◆ PROBLEM DETAILS:
A word-for-word copy of the entries, with the images left out, is what you should write.

(Beginning of DATA FOR ANALYSIS)

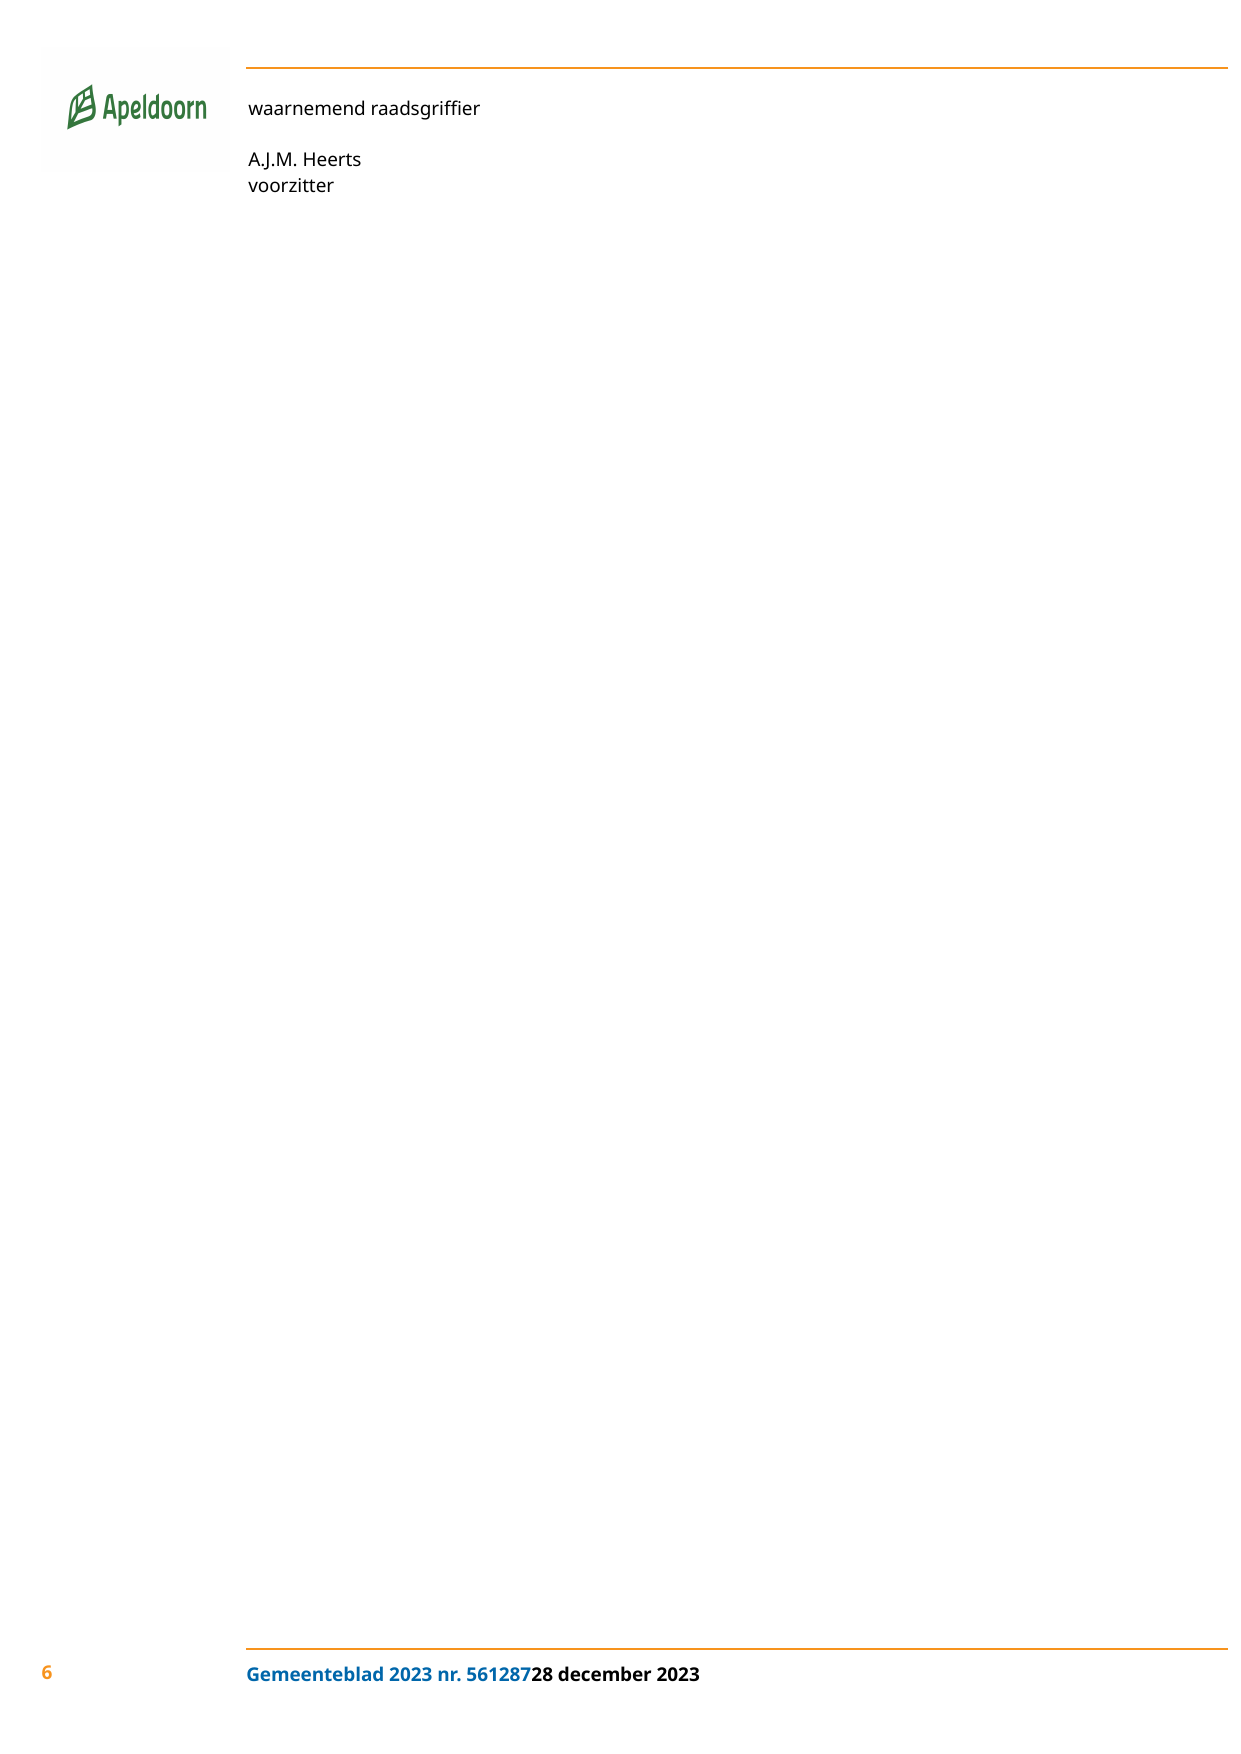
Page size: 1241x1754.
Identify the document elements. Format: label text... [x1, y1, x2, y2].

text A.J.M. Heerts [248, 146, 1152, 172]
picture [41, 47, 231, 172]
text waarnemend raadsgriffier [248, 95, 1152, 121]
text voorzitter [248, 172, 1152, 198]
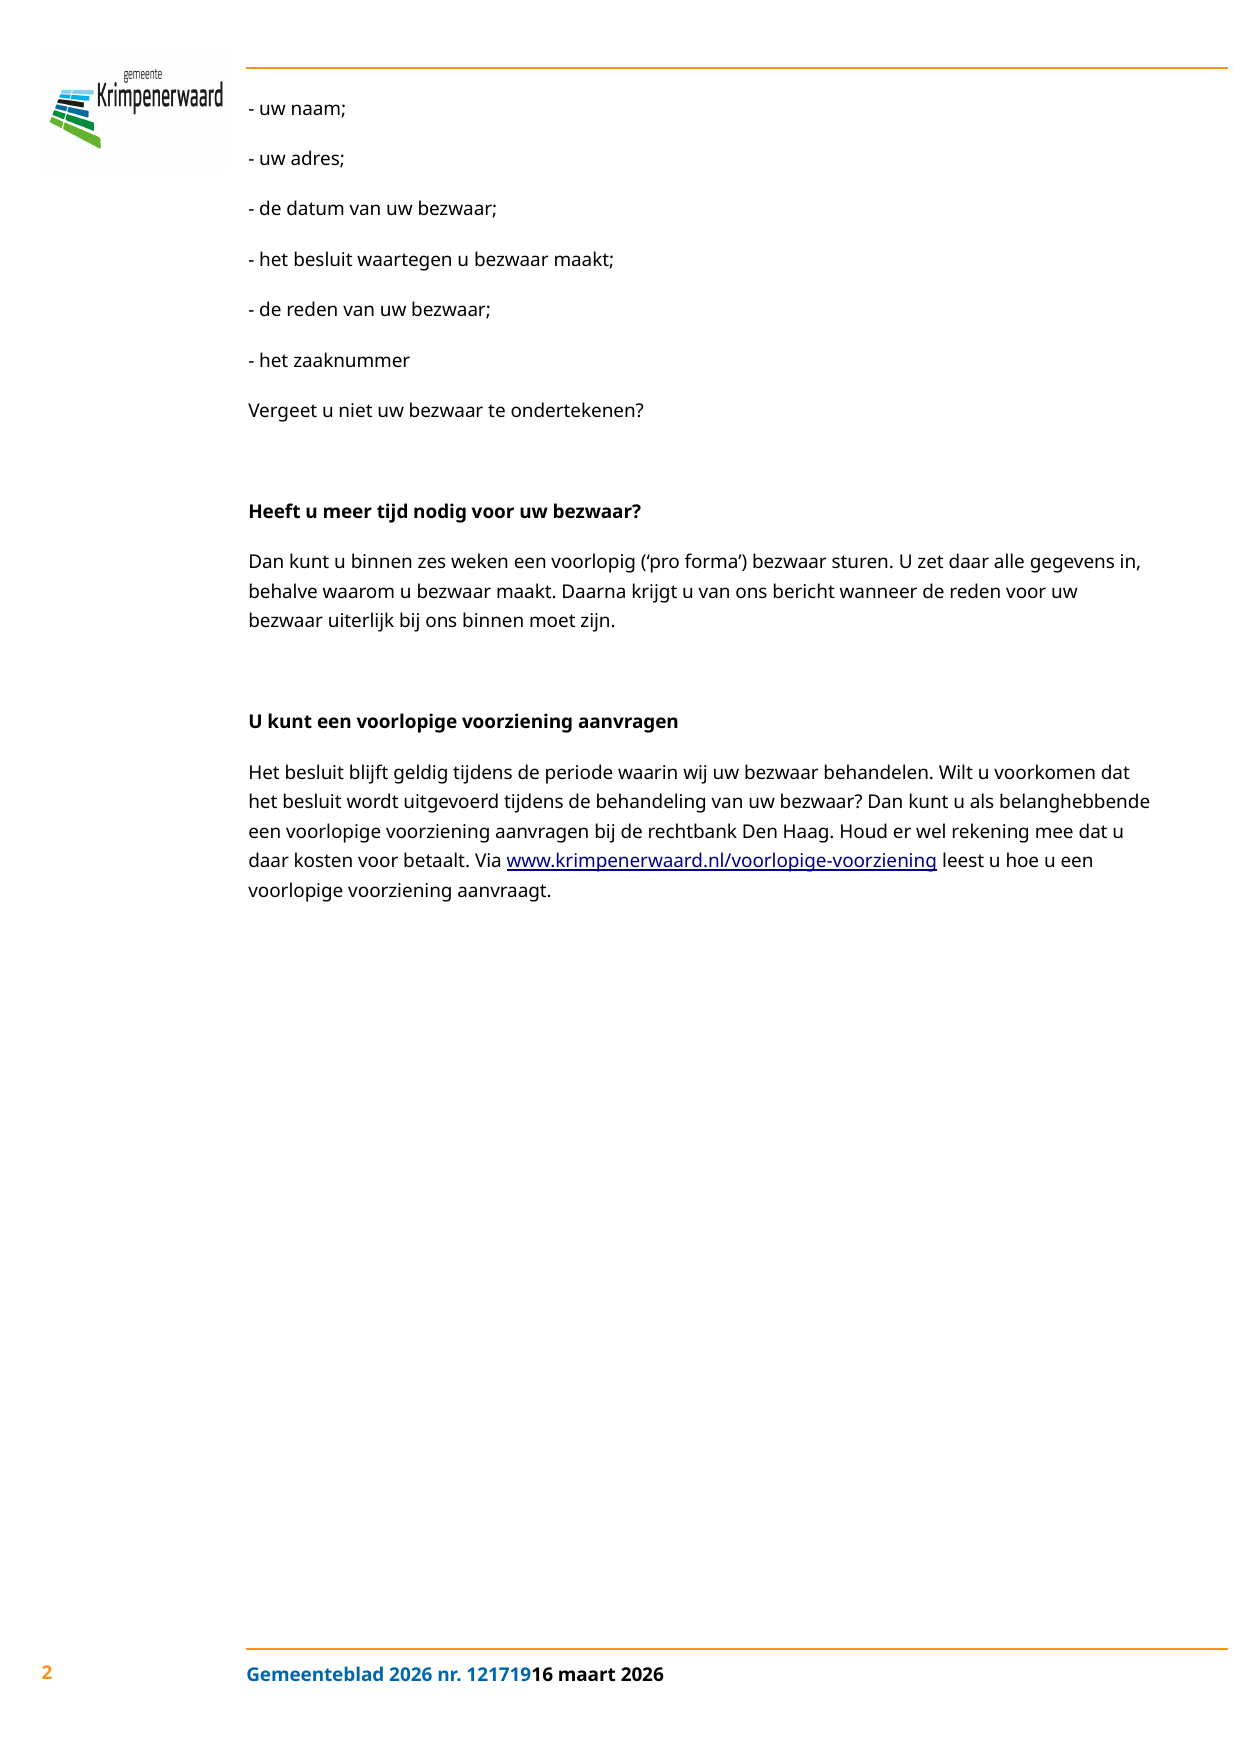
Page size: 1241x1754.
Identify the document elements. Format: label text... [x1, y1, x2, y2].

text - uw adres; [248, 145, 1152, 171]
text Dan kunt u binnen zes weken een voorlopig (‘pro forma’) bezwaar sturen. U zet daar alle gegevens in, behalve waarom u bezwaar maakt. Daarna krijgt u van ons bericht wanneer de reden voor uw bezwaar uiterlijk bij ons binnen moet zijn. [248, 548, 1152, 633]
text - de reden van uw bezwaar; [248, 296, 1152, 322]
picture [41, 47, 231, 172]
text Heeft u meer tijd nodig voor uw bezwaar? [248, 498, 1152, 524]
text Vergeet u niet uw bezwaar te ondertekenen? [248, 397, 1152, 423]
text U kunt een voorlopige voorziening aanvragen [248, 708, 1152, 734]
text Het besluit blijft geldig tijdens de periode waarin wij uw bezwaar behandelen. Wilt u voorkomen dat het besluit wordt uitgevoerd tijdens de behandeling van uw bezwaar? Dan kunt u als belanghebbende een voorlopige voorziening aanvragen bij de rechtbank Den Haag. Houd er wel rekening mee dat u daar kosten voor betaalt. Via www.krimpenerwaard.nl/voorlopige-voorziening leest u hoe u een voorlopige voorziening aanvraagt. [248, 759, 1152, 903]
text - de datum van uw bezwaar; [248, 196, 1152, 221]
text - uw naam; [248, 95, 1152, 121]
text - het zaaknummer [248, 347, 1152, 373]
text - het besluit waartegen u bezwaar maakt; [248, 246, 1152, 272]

(End of DATA FOR ANALYSIS)

◆ WRITTEN ANSWER:
Page size: 1241x1754.
Identify the document elements. Format: label text... [x1, y1, x2, y2].

text A.J.M. Heerts [248, 146, 1152, 172]
picture [41, 47, 231, 172]
text waarnemend raadsgriffier [248, 95, 1152, 121]
text voorzitter [248, 172, 1152, 198]
Page size: 1241x1754.
Identify the document elements. Format: label text... [x1, y1, x2, y2].

text - uw adres; [248, 145, 1152, 171]
text Dan kunt u binnen zes weken een voorlopig (‘pro forma’) bezwaar sturen. U zet daar alle gegevens in, behalve waarom u bezwaar maakt. Daarna krijgt u van ons bericht wanneer de reden voor uw bezwaar uiterlijk bij ons binnen moet zijn. [248, 548, 1152, 633]
text - de reden van uw bezwaar; [248, 296, 1152, 322]
picture [41, 47, 231, 172]
text Heeft u meer tijd nodig voor uw bezwaar? [248, 498, 1152, 524]
text Vergeet u niet uw bezwaar te ondertekenen? [248, 397, 1152, 423]
text U kunt een voorlopige voorziening aanvragen [248, 708, 1152, 734]
text Het besluit blijft geldig tijdens de periode waarin wij uw bezwaar behandelen. Wilt u voorkomen dat het besluit wordt uitgevoerd tijdens de behandeling van uw bezwaar? Dan kunt u als belanghebbende een voorlopige voorziening aanvragen bij de rechtbank Den Haag. Houd er wel rekening mee dat u daar kosten voor betaalt. Via www.krimpenerwaard.nl/voorlopige-voorziening leest u hoe u een voorlopige voorziening aanvraagt. [248, 759, 1152, 903]
text - de datum van uw bezwaar; [248, 196, 1152, 221]
text - uw naam; [248, 95, 1152, 121]
text - het zaaknummer [248, 347, 1152, 373]
text - het besluit waartegen u bezwaar maakt; [248, 246, 1152, 272]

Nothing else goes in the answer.